Living together after divorce can be a difficult decision. Whether you have decided to live with your ex-spouse or you have found someone new, the thought of taking the step of moving in together can bring back unpleasant memories of the past.
Living with Your Ex-Spouse after Divorce
Ex-spouses living together after divorce are much more common than you think. There are several reasons why people choose to do this:
Some couples do not want their children dealing with living in two separate households.
Many people feel imprisoned when in a marriage. This can cause resentment and arguments. When two people are not married, each of the partners may feel that he or she can back out of the relationship at any time with no strings attached.
Instead of paying alimony, couples may decide to live together and split household expenses, which would be much less expensive than living separately.
It can be hard to leave a person you have spent many years with and live on your own. Some couples opt to live together without being married so they can still be with that person but also be able to leave if times get tough again.
- Repairing the relationship
You may be thinking about living with your ex-spouse because you have recently started dating him or her again and want to see if your differences are still present when under the same roof. Spending time with someone on a date and then being able to go home alone is much different than spending countless hours with that person.
Living Together After Divorce: A New Relationship
It's been awhile since your separation from your ex-spouse and you have been in the dating field for a couple of years. You have found someone you really like and want to take it to the next level and move in with him or her. The problem is that you are worried that living with this person will result in the same heartache you had with your ex-spouse and ruin a good relationship.
The good news is people learn from their experiences.
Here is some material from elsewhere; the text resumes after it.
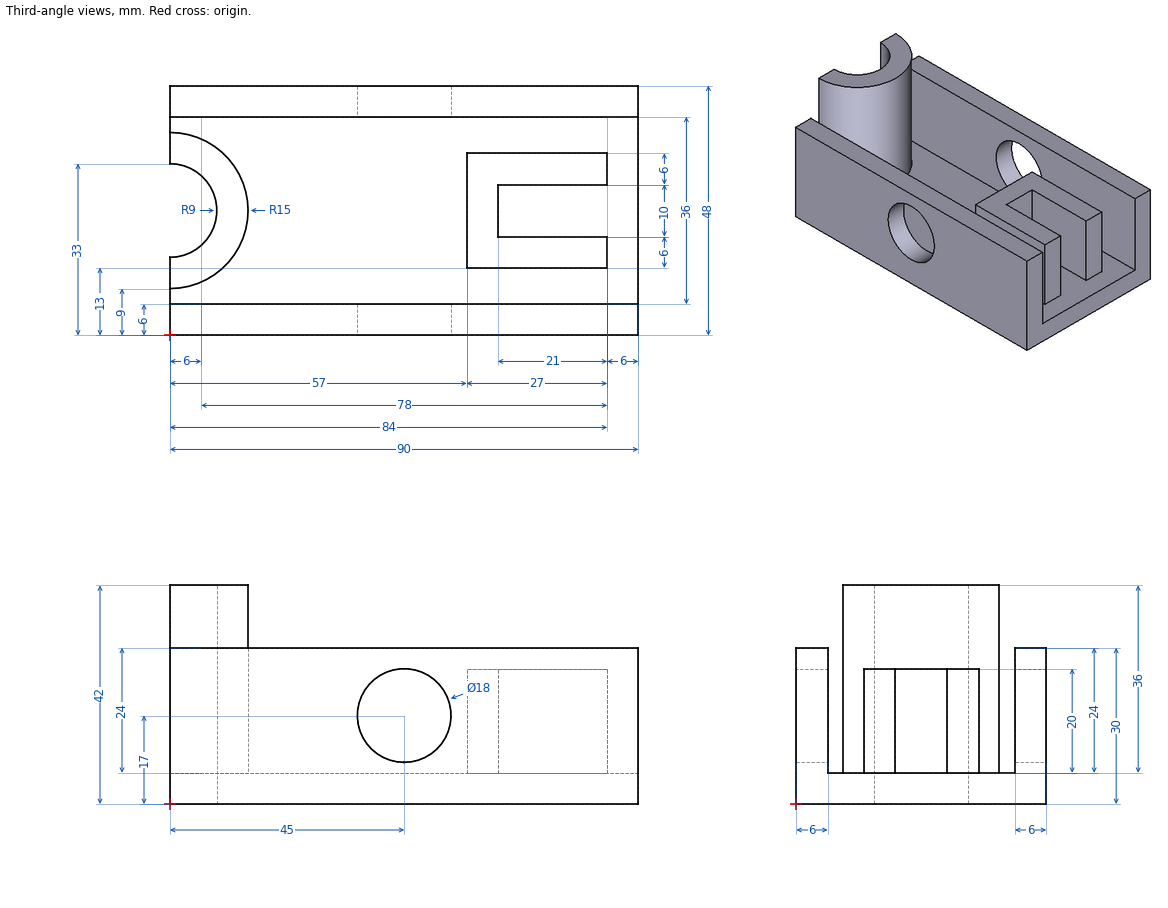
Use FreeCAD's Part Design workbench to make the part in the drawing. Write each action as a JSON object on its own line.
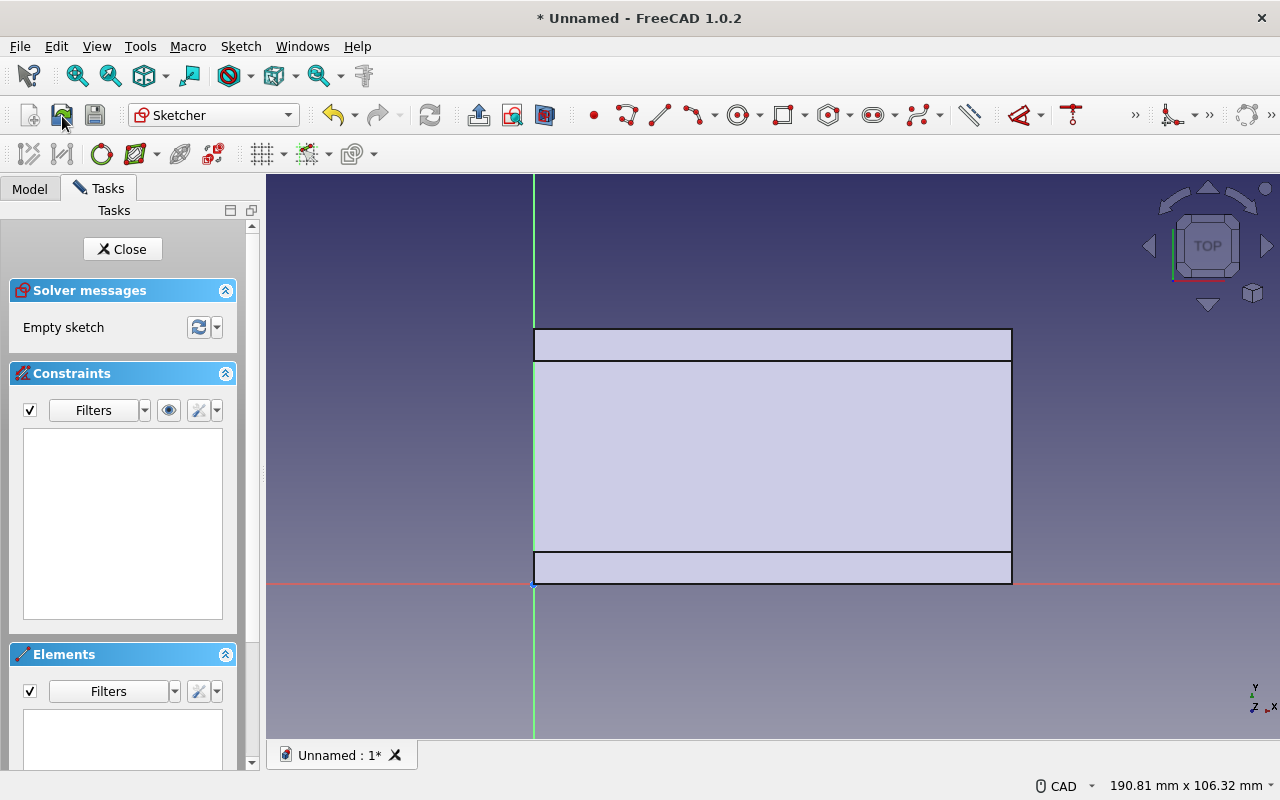
{"action": "scroll", "coordinate": [415, 510], "scroll_direction": "up", "scroll_amount": 3}

Your past marriage has taught you things about yourself and what you can and cannot deal with so you know what to look for in the future with someone new. Moving in with someone after divorce can actually be quite beneficial to you and calm your fears if you decide to remarry later.
- Annoying habits
When you only spend a day or a few hours with someone, you really don't know the extent of how annoying some of the person's habits can be. When you live with that person, you will quickly find out what bothers you about the person to the point of not being able to deal with it.
- Values and morals
Spending more time with someone under the same roof helps you learn more about the person's values and morals. You can see how the person lives and if this is compatible to how you live your life.
One of the most common causes of divorce is money issues. If you both decide to split all household expenses equally or divide the expenses in a different manner, you will be able to see how the person spends his or her money and if the person is responsible.
Dealing with Criticism from Friends and Family
Whether you decide to live with your ex-spouse or someone new, a friend or family member may have something negative to say about it. If it's an ex-spouse, a loved one may be concerned you will return to being as unhappy as you were in the marriage. If it's someone new, a loved one may be concerned that you are moving too fast and not ready for another commitment.
Listen to your loved ones' concerns but assure them that you have your reasons for wanting to move in with the person. Appreciate they care for you and remind them that it may or may not be a good decision in the long run but you will never know if you don't give it a try. Many loved ones will learn to accept it and support you in your decisions even if they may not agree with them.